So.. this is kind of a sequel to "Don't Touch Me" from Harry's POV. But it can be read seperately.

But I advice you to read Don't Touch Me though, it's much better :b

That's about it... oh, and of course, I own nothing.


"Don't touch me"

I keep saying this over and over again but it never seems like you listen. You merely stand there with sulky shoulders and your eyes focused at the floor, as if you do not dare face me, face my words. I repeat them and you ignore them by reaching out for me, and holding me close. I always fight against your embrace, trying to convince myself that I do not want this. I doesn't work, never does. Other times your eyes watch me with this empty, bored expression and I try to fool myself into thinking, hoping, that you in fact don't care. But then I catch a glimpse of despair your grey eyes, a glimpse so small and so fragile that it makes my legs go weak and causes my throat to burn. And in that small moment I always realize what you mean to me and it makes me wanna hurt you so much, so much that I think I might kill you. So I attack you and just for a moment it feels like old times and just for a moment I think that I may not be going insane and just for a moment I think that everything can be normal again. But you destroy this illusion by just lying there and letting me hit you. Sometimes I yell at you to fight me, I curse at you, spit at you and yet you just lie there doing nothing. And suddenly all my rage disappears and I see your face covered in blood and I feel like throwing up. So I pick you up, hold you close, whisper desperately into your neck and as your blood soak into me everything becomes so damn clear.
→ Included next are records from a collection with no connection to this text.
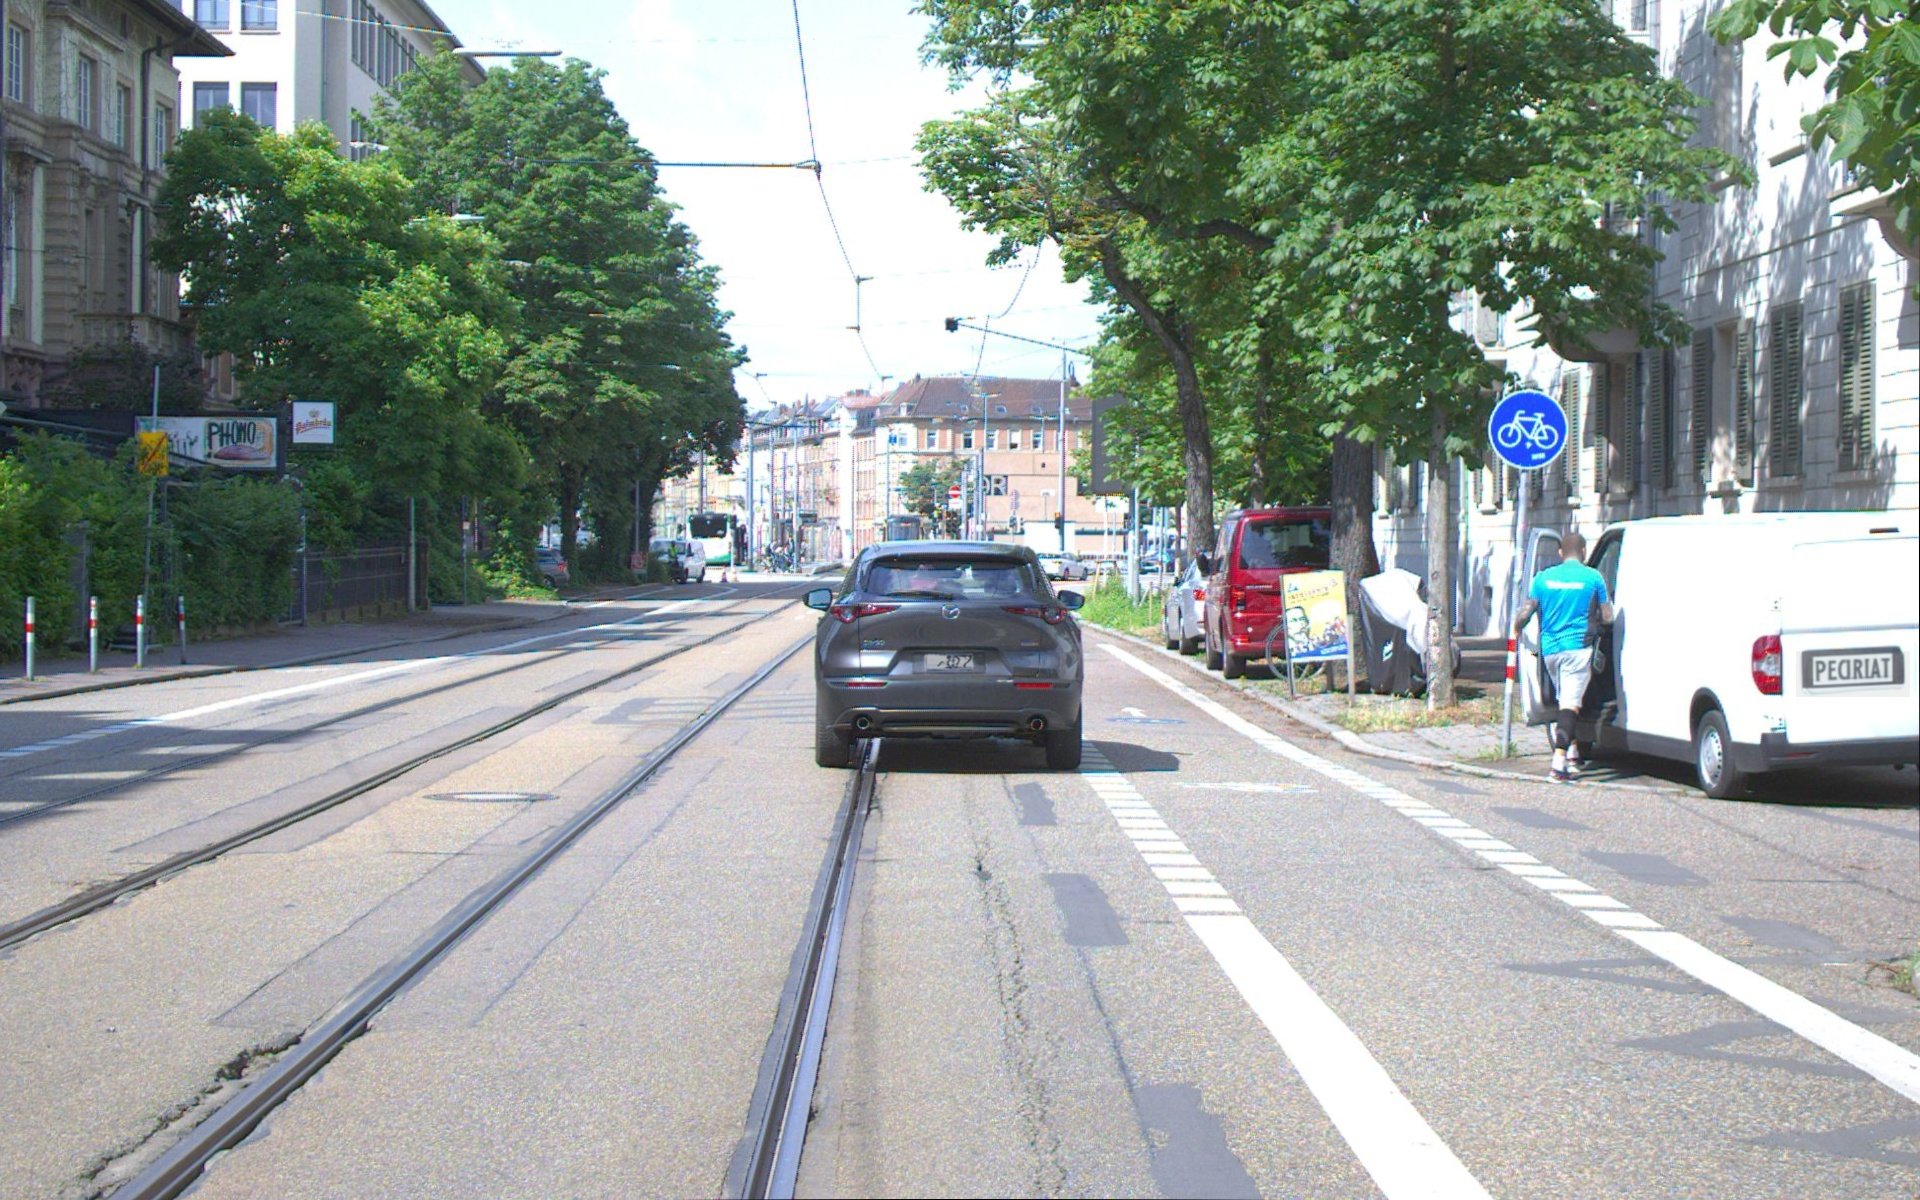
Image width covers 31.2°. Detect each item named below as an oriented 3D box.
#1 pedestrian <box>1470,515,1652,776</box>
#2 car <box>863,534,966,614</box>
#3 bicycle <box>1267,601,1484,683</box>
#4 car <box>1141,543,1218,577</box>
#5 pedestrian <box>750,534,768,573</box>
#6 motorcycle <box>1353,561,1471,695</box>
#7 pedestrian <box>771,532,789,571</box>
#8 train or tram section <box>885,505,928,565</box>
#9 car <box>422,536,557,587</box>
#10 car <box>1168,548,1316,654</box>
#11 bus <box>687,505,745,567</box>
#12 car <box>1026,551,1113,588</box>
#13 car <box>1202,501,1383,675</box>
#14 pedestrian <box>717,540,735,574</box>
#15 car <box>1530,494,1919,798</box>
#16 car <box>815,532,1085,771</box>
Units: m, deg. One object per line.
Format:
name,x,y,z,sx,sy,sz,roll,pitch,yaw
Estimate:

Next time we met it starts all over again.

I can know you're there without even turning. Your presence lies thick in the air and I catch my breath. I wish you would just turn around and walk out the door pretend that you didn't see me standing here. I wish I had stayed in bed next to the warm body snoring peacefully besides me instead of wandering the empty hallways, knowing that you would find me.

I wish you would come to your senses and just leave me alone but as I feel your hand on my back I know that there's no chance.

"Just go away…just…please"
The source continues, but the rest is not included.